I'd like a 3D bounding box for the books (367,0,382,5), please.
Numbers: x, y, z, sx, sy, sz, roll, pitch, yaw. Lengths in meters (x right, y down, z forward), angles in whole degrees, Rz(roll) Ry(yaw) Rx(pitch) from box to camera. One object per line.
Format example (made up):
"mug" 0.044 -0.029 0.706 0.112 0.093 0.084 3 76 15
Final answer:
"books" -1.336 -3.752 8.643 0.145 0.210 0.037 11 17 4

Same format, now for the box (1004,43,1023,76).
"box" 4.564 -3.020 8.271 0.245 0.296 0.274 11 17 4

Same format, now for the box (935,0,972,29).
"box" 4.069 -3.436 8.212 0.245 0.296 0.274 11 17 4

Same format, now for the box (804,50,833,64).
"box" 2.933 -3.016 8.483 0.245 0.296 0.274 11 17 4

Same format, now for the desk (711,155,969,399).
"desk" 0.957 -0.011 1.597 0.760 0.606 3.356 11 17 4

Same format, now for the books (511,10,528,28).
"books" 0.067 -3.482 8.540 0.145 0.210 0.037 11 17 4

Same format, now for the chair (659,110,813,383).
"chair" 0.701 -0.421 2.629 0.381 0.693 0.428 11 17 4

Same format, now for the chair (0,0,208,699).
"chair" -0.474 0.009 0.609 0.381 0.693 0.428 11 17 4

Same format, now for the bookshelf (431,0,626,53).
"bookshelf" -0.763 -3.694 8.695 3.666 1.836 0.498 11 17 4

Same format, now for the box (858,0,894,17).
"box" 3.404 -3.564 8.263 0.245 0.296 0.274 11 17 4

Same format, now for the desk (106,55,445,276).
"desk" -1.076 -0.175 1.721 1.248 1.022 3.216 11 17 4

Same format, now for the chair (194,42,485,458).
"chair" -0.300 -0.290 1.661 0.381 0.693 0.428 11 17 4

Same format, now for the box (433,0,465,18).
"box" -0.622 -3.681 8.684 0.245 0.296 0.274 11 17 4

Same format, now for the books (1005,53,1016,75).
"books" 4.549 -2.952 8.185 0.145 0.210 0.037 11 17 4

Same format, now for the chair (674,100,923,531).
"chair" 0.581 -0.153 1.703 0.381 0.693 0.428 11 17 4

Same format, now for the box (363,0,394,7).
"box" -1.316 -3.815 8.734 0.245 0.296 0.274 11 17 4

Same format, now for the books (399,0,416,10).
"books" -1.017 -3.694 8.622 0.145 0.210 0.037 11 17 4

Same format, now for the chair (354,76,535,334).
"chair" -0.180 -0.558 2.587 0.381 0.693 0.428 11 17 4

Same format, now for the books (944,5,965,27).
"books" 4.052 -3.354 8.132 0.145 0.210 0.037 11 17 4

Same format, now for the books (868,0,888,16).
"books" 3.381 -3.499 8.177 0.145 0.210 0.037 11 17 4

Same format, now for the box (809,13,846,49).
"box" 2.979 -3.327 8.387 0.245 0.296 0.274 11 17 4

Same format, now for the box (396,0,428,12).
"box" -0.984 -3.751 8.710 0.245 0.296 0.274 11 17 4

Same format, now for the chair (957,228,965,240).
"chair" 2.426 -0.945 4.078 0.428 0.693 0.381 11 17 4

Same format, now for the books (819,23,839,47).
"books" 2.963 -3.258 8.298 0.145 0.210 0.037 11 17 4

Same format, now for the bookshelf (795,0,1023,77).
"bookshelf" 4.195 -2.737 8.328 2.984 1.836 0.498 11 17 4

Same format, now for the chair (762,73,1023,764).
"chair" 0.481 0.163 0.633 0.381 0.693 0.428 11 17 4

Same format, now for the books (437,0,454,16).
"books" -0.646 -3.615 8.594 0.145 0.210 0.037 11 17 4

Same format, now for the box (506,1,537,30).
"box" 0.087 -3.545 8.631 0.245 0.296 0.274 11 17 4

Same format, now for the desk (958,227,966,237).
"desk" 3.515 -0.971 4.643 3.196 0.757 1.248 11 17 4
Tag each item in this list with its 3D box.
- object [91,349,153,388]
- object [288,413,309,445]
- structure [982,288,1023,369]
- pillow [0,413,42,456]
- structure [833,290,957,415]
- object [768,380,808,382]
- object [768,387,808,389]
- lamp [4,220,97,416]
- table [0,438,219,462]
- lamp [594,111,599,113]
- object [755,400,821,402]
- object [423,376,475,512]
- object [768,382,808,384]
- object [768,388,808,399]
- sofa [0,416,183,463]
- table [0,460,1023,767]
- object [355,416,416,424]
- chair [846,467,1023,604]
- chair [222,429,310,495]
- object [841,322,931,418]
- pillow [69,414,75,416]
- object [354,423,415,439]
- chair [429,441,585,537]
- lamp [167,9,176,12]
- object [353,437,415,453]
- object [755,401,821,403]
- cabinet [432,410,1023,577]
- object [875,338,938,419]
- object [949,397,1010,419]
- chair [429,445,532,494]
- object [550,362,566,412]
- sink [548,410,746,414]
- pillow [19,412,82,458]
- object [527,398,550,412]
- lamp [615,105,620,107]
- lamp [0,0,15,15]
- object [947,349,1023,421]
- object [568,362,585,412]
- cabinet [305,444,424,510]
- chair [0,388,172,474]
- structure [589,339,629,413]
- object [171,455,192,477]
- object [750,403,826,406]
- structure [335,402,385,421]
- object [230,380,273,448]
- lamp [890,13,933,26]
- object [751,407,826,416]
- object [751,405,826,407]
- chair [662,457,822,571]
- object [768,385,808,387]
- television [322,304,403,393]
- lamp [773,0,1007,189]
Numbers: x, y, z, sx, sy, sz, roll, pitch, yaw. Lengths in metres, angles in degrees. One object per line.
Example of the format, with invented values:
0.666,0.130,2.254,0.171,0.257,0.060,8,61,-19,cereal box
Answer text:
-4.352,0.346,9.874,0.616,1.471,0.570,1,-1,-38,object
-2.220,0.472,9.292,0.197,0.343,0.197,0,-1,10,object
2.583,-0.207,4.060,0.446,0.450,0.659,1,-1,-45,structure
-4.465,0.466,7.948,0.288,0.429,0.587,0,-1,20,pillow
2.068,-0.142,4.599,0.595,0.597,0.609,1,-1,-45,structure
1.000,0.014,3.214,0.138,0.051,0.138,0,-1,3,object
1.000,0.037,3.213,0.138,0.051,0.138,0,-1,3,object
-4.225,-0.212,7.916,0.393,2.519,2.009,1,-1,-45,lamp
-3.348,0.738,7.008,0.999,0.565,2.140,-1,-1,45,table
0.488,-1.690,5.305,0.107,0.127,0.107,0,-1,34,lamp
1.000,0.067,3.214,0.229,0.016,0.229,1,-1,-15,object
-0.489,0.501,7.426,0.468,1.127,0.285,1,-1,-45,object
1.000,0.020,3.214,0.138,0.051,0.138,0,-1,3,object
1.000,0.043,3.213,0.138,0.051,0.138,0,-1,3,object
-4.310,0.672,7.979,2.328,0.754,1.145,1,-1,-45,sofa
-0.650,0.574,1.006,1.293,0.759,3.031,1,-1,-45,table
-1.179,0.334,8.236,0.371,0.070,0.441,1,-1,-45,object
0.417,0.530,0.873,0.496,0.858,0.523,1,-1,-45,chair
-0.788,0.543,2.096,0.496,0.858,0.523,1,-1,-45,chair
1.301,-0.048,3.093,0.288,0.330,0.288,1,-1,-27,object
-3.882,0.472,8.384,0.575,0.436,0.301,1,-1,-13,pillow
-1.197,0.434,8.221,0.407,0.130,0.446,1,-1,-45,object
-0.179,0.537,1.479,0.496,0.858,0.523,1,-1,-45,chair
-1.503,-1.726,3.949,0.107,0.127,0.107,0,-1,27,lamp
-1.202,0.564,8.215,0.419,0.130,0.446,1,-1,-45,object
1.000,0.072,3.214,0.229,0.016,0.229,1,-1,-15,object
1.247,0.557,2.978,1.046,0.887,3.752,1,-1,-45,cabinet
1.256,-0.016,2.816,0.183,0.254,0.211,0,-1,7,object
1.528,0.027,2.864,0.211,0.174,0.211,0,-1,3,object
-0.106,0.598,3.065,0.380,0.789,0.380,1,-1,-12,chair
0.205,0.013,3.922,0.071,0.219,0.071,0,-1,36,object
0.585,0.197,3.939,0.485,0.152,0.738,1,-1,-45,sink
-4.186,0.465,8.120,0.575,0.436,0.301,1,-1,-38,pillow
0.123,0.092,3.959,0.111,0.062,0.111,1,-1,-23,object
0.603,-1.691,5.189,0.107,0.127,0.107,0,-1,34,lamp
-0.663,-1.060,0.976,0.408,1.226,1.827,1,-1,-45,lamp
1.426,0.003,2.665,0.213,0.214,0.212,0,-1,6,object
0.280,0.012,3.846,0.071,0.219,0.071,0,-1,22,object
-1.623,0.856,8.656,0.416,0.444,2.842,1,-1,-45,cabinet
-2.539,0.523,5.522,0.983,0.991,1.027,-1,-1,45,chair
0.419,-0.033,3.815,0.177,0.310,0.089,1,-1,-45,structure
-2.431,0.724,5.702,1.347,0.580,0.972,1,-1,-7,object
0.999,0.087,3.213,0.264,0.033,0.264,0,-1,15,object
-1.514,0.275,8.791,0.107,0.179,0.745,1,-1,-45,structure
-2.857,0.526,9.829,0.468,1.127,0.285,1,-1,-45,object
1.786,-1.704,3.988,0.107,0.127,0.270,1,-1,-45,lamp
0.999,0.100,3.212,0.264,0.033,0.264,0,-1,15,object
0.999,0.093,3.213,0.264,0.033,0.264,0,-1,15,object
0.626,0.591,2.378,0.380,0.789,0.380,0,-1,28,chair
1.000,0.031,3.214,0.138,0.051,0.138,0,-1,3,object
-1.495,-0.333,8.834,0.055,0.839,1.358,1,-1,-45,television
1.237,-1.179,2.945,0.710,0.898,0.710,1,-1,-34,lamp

________________

→ Task to complete
Return only the number of lines in the records above that include the string "pitch".

→ Answer to the exercise
2